By the time Jenn told me about it a couple of days later it was clear those words still stung. She had gained some weight, and while she wasn’t obese or unhealthy, it was something that nagged at her.  She had already resolved to start a new nutrition plan and lose the extra pounds that had crept on with two pregnancies and the stress of working motherhood, because hearing it from the mouth of her little guy hit home in a way that other motivators never could. That’s a good and positive thing.

But I couldn’t stop thinking about a slightly different take on her story. What does it mean when your little one tells you something you don’t particularly want to hear? What if it’s the truth? What if it’s not?

How do we take the opinions and pronouncements of our 3 or 7 or 15-year-olds (or 25- year-olds, for that matter) and put them in proper perspective? How do we maintain healthy boundaries so our kids know that we’re in charge and are well-equipped to keep them healthy and safe, while at the same time  taking their thoughts seriously, especially when they’re critical of us?

Is “Mama, you’re fat,” different than “Mama, you smoke”? How about “Mama, I don’t like  you to drink wine,” or “Mama, those jeans are too tight,” or this knife through the heart, “Mama, I hate you.”

Consider this. “Mama, my friend says Fox News is way better than CNN, let’s watch it.”
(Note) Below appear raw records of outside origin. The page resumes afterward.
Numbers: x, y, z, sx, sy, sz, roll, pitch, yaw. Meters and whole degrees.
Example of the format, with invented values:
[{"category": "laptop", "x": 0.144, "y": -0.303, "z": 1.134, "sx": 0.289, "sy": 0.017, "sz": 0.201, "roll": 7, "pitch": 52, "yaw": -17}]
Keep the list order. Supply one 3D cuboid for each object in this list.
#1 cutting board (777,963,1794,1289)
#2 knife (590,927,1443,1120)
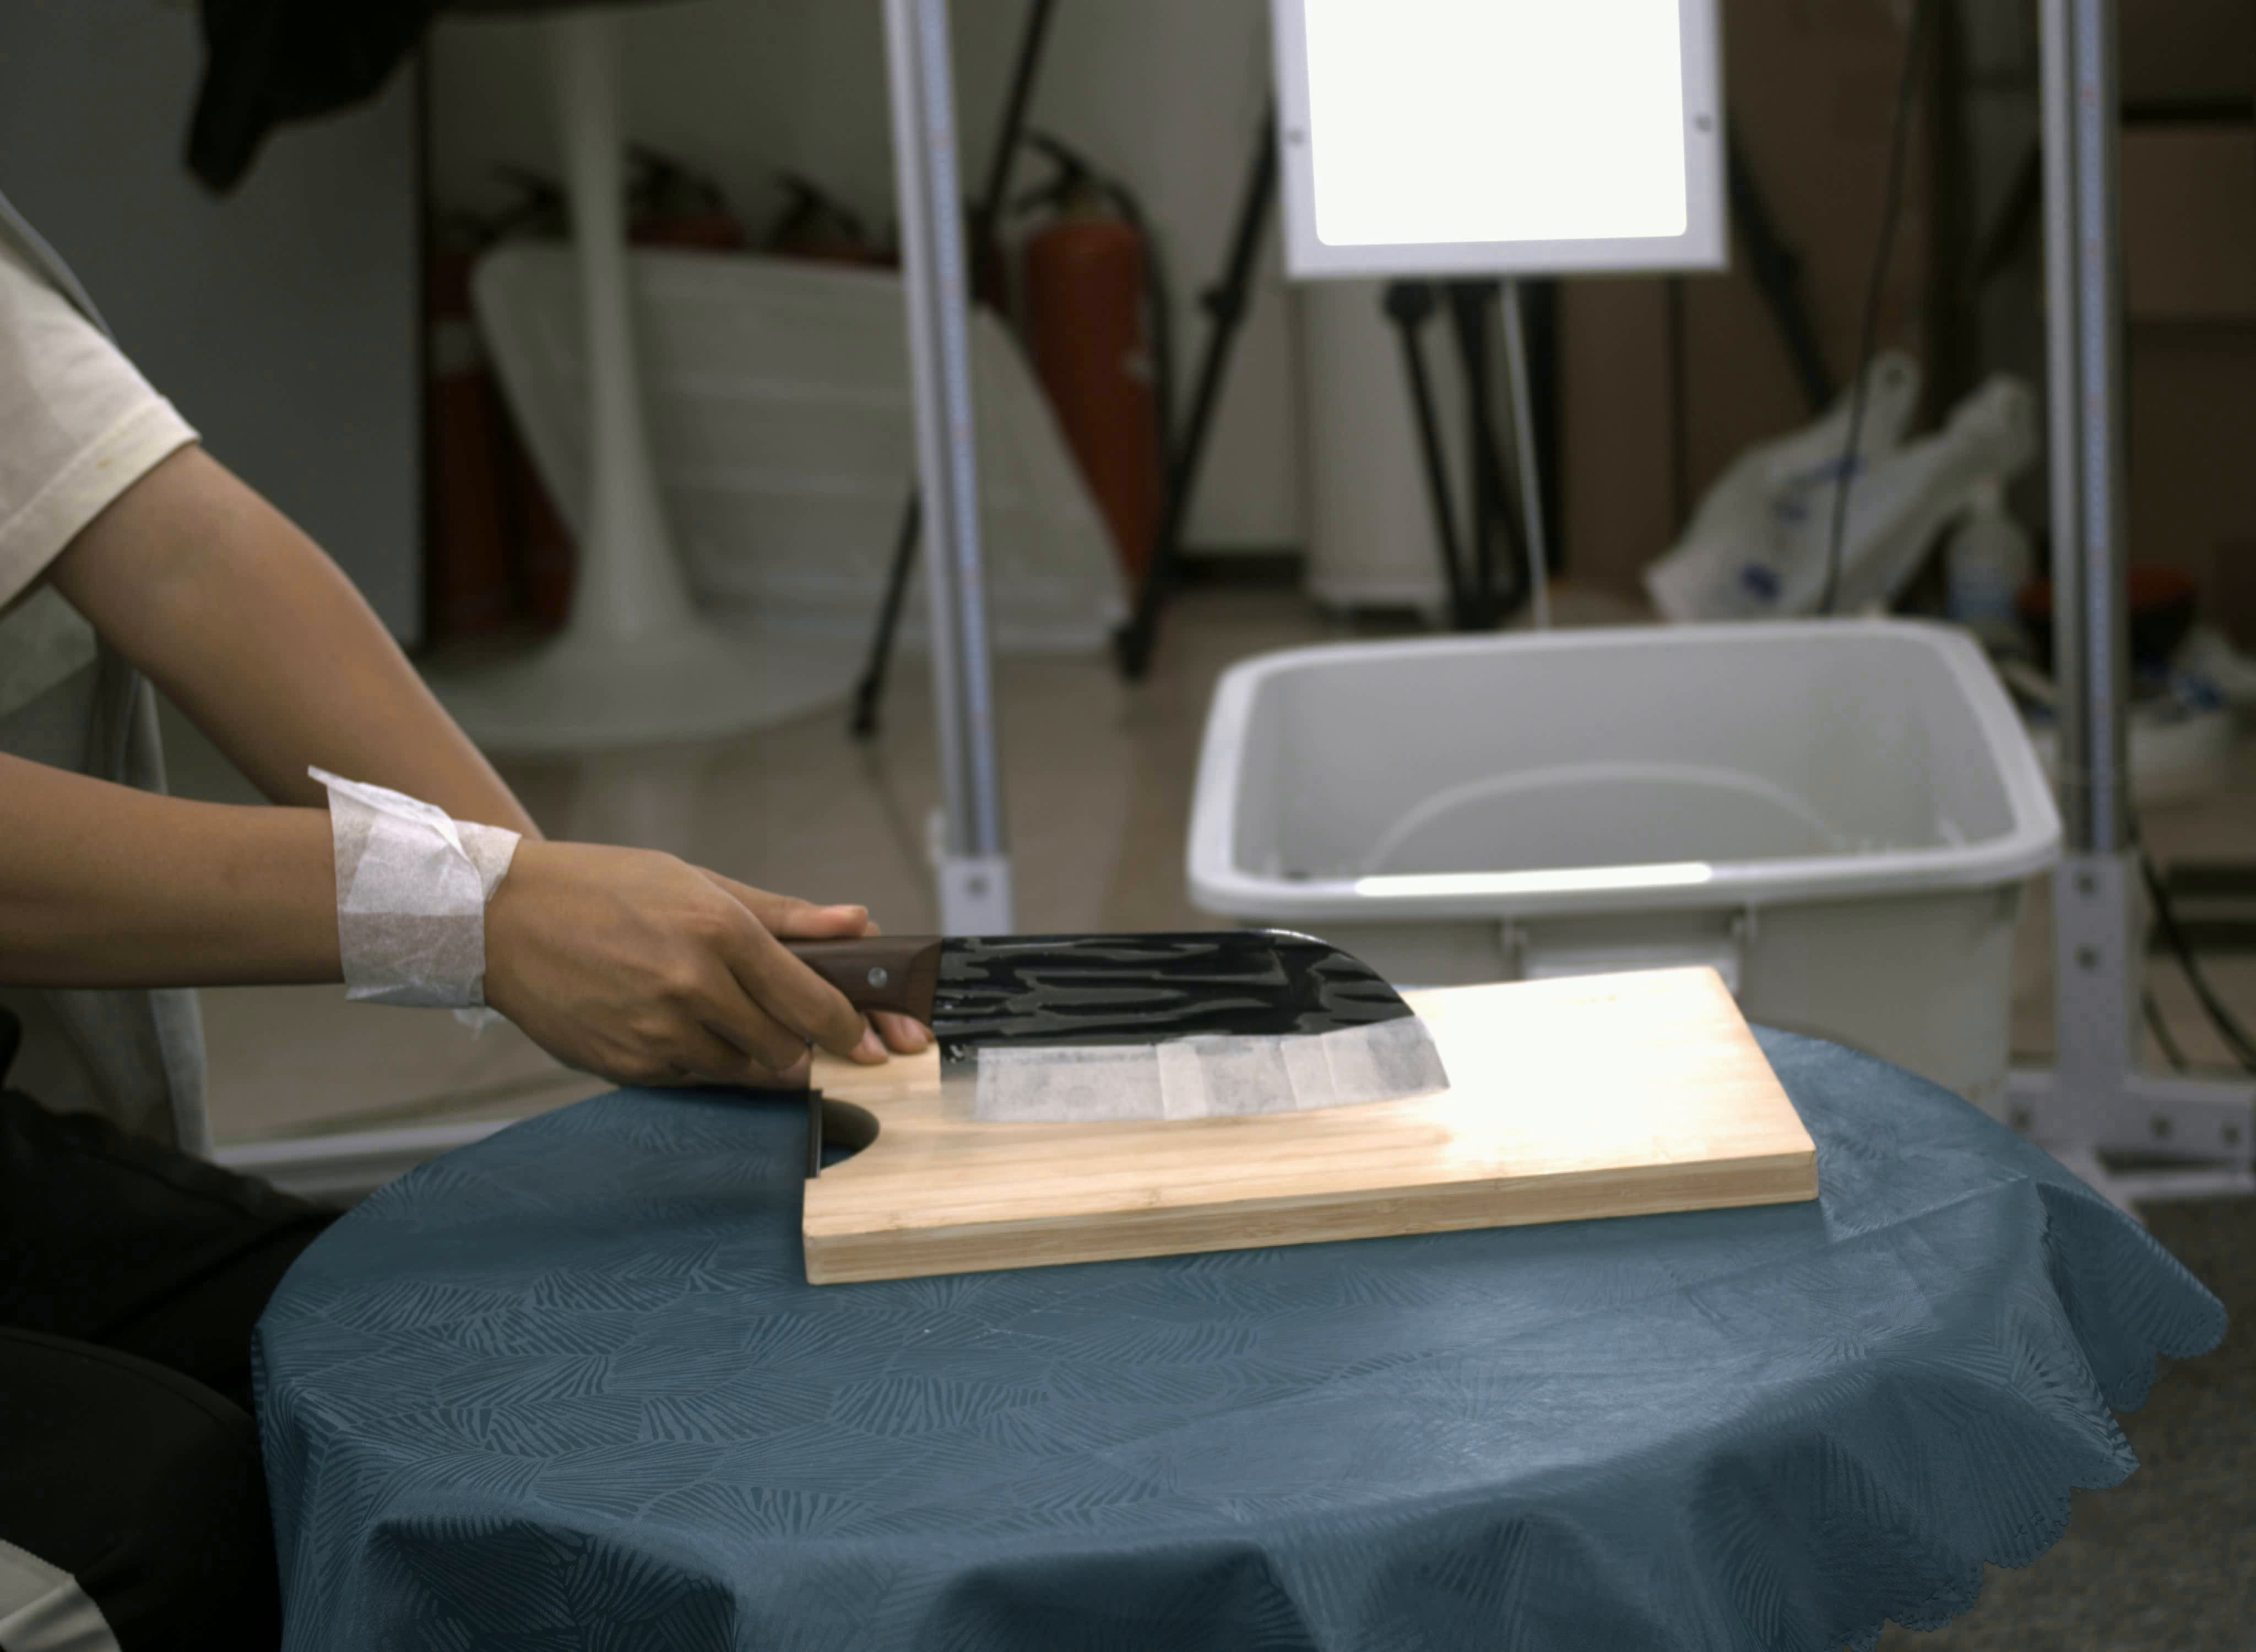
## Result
[{"category": "cutting board", "x": 0.051, "y": 0.104, "z": 1.939, "sx": 0.347, "sy": 0.023, "sz": 0.250, "roll": -5, "pitch": 13, "yaw": 0}, {"category": "knife", "x": -0.040, "y": 0.069, "z": 1.915, "sx": 0.301, "sy": 0.068, "sz": 0.024, "roll": 0, "pitch": 8, "yaw": 9}]

What do you do or say when your child gives feedback you’d rather not have? When does honesty turn into criticism, and when does a child’s criticism of a parent become inappropriate? Does it matter if the criticism is deliberately hurtful or inadvertently hurtful, like in the story above?

Maybe it’s enough to respond with something like, “I appreciate that you shared your honest opinion with me. I’m going to take some time to think about that.” Or maybe it provides a teachable moment for a conversation about the power of words and how words can hurt even when you don’t mean them to.

When I was growing up (oh, how awful that sounds), preschoolers didn’t feel comfortable telling their mothers they were fat. Was that better? Worse?

Please let us know what feels right for your family.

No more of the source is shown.